Hey, I wrote that myself.
Whether a metaphor makes sense or not is irrelevant.
The image is a vivid one that will stick in peoples' minds. We will hear it repeated many times in the next few weeks.
The only way to respond to an image of this sort is with another, equally vivid image.
I would suggest "So your solution for an overloaded piston-engine aircraft is to pump aboard 100 tons of highly volatile jet fuel?"
Jet fuel is less volatile than that for a piston engine, unless it's a Diesel.
I stand corrected, jet fuel is less volatile, now that you remind me. Substitute hydrazine for "jet fuel" in my original post.
How revealing, that Obama believes that government spending is the engine of the economy.
Nothing outside the State, nothing against the State, everything for the State.
Hey, I wrote that myself.
Perhaps you should take the pain pill.
Until we are serious about eliminating whole chunks of the federal government (including things that Liberals like), we are never going to seriously reform our debt situation.
Until we start looking at retirement as a period in life when people are simply too old to work, rather than as a decades long spring break for the elderly, and we start looking at really moving the retirement age closer to 70 or 72, we are not going to get this under control.
Until we start looking at welfare as a temporary one time thing, and not as a lifestyle, we are not going to be able to fund infrastructure or maintain parks, because the people who would be available to take this work are collecting welfare instead.
Until we get laws on the books that define the scope of power of public unions, and define accepting a campaign contribution as an automatic grounds for ineligibility of a public official to negotiate a contract with the union, we will never get these bloated contracts under control.
Until we get laws on books that require government services to charge a fee that reflects the true cost of providing that service, we will always be stuck with parks and other services that cost 50 dollars but charge 25 dollars, and come to the taxpayers for the rest.
Basically cutting the budgets mean actually doing it and doing it in a way that means some discomfort for people. We need to attack it from all fronts, so the folks can see that everyone has to take a hit.
If we do what Obama wants, we won't get anywhere. But when has that not been the case?
I keep waiting in vain for the punditocracy to establish a new meme.......that is, the complete, absolute disconnect between Obama's words and reality. It just flabbergasts me that he talks about freezing part of the budget, increasing the rest, AND somehow that's going to result in deficit reduction. I'm living in Bizarro World.
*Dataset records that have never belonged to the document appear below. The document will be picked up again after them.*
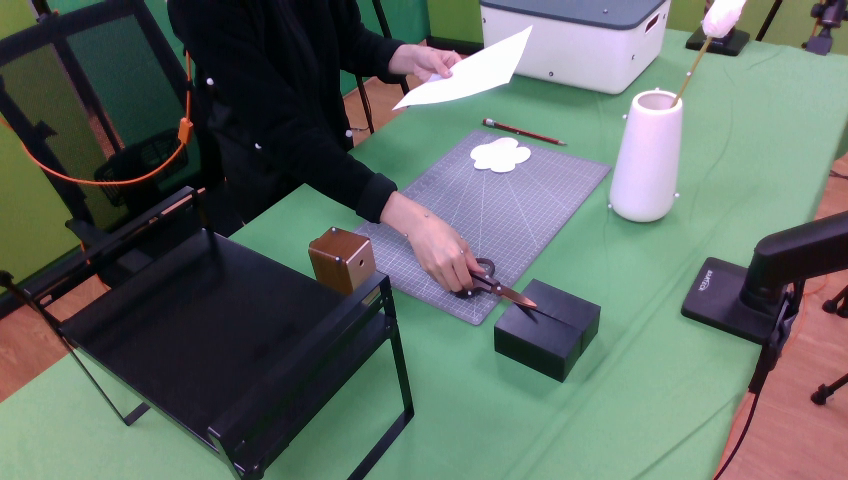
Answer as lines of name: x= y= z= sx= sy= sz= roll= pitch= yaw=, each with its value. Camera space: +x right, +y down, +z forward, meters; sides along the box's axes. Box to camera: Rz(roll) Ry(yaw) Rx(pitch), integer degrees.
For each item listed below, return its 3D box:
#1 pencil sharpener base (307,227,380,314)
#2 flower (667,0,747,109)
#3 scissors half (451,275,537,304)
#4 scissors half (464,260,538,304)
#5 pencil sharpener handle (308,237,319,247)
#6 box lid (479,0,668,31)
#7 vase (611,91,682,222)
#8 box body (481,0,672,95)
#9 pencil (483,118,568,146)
pencil sharpener base: x=-0.116 y=0.043 z=0.875 sx=0.076 sy=0.107 sz=0.061 roll=18 pitch=47 yaw=28
flower: x=0.354 y=-0.187 z=0.879 sx=0.038 sy=0.362 sz=0.044 roll=30 pitch=48 yaw=14
scissors half: x=0.093 y=0.073 z=0.837 sx=0.040 sy=0.013 sz=0.174 roll=-48 pitch=28 yaw=-24
scissors half: x=0.107 y=0.059 z=0.843 sx=0.040 sy=0.013 sz=0.174 roll=-45 pitch=28 yaw=-6
pencil sharpener handle: x=-0.158 y=0.018 z=0.892 sx=0.030 sy=0.068 sz=0.036 roll=18 pitch=60 yaw=28
box lid: x=0.335 y=-0.536 z=1.331 sx=0.368 sy=0.015 sz=0.264 roll=23 pitch=49 yaw=30
vase: x=0.348 y=-0.125 z=0.935 sx=0.098 sy=0.201 sz=0.097 roll=-3 pitch=40 yaw=3
box body: x=0.341 y=-0.480 z=1.381 sx=0.361 sy=0.161 sz=0.255 roll=22 pitch=48 yaw=30
pencil: x=0.201 y=-0.216 z=1.211 sx=0.192 sy=0.012 sz=0.012 roll=24 pitch=49 yaw=29
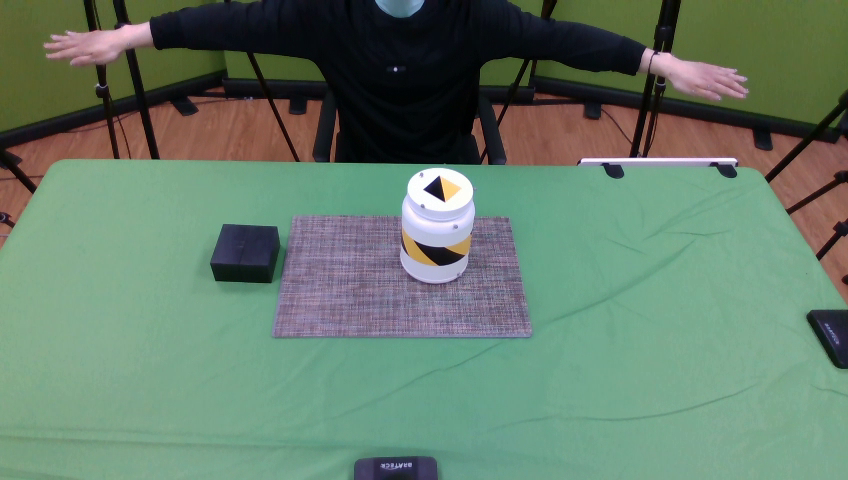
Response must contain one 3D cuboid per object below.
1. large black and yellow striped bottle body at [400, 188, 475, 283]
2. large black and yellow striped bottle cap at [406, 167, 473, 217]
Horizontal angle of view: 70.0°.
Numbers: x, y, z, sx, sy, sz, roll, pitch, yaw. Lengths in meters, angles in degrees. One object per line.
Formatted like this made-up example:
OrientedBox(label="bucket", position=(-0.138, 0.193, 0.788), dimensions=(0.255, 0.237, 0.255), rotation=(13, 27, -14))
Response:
OrientedBox(label="large black and yellow striped bottle body", position=(0.024, -0.024, 1.102), dimensions=(0.131, 0.185, 0.130), rotation=(2, 46, -2))
OrientedBox(label="large black and yellow striped bottle cap", position=(0.027, -0.084, 1.043), dimensions=(0.115, 0.019, 0.114), rotation=(3, 46, -3))
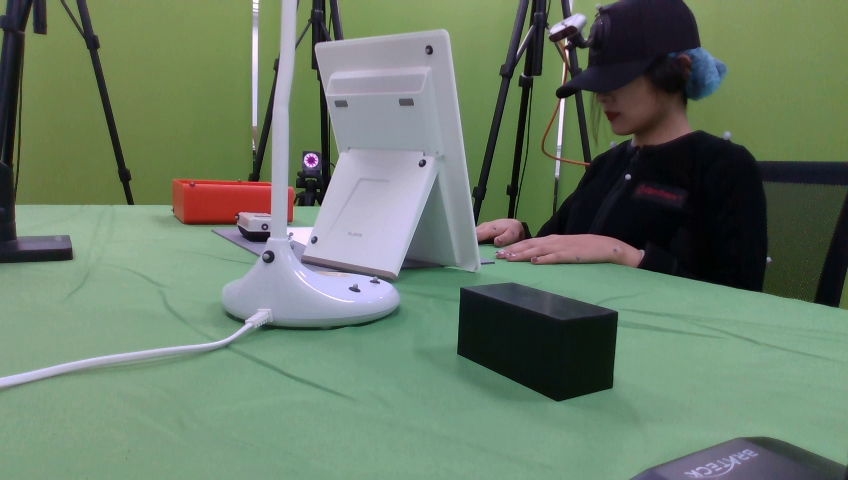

We could call it the Obamaverse: an alternate reality where government makes everything run well, politicians shit ice cream, and the more you spend, the more you save.
THIS IS WAL-MART!!!
but McArdle is right
This makes it hard to take you seriously.
Absent spending cuts, the deficit will remain large. Ongoing deficits will lead to growth in the money supply, devaluation of the dollar and ultimately inflation.
Once inflation kicks in, the Fed will have two choices: Raise interest rates or continue to print money in an effort to "keep the economy growing."
The former will accelerate the growth of the deficit by boosting the interest costs and reducing revenue as the economy shrinks.
The latter will lead to ever-greater inflation as people try to unload there dollars.
Can't cut anything, huh? Well, maybe they should have a very special episode of hoarders for the federal government.
500,000 people died in the civil war. That was a great tragedy and the south could very well have won that war. It is questionable wether it was worth that great sacrifice to end slavery.
Those who don't have to make that ultimate sacrifice and see only the benefits of ending slavery don't have the right to judge those who lived and died through the civil war. It's like the idiots who say dropping the atomic bomb on Japan was racist. It's easy for them to say that as they don't have to die in invasion of Japan and they did not experience the Japanese atrocities first hand. They are arrogant, disrespectful and ignorant.
Turns out that history is almost as hard as math.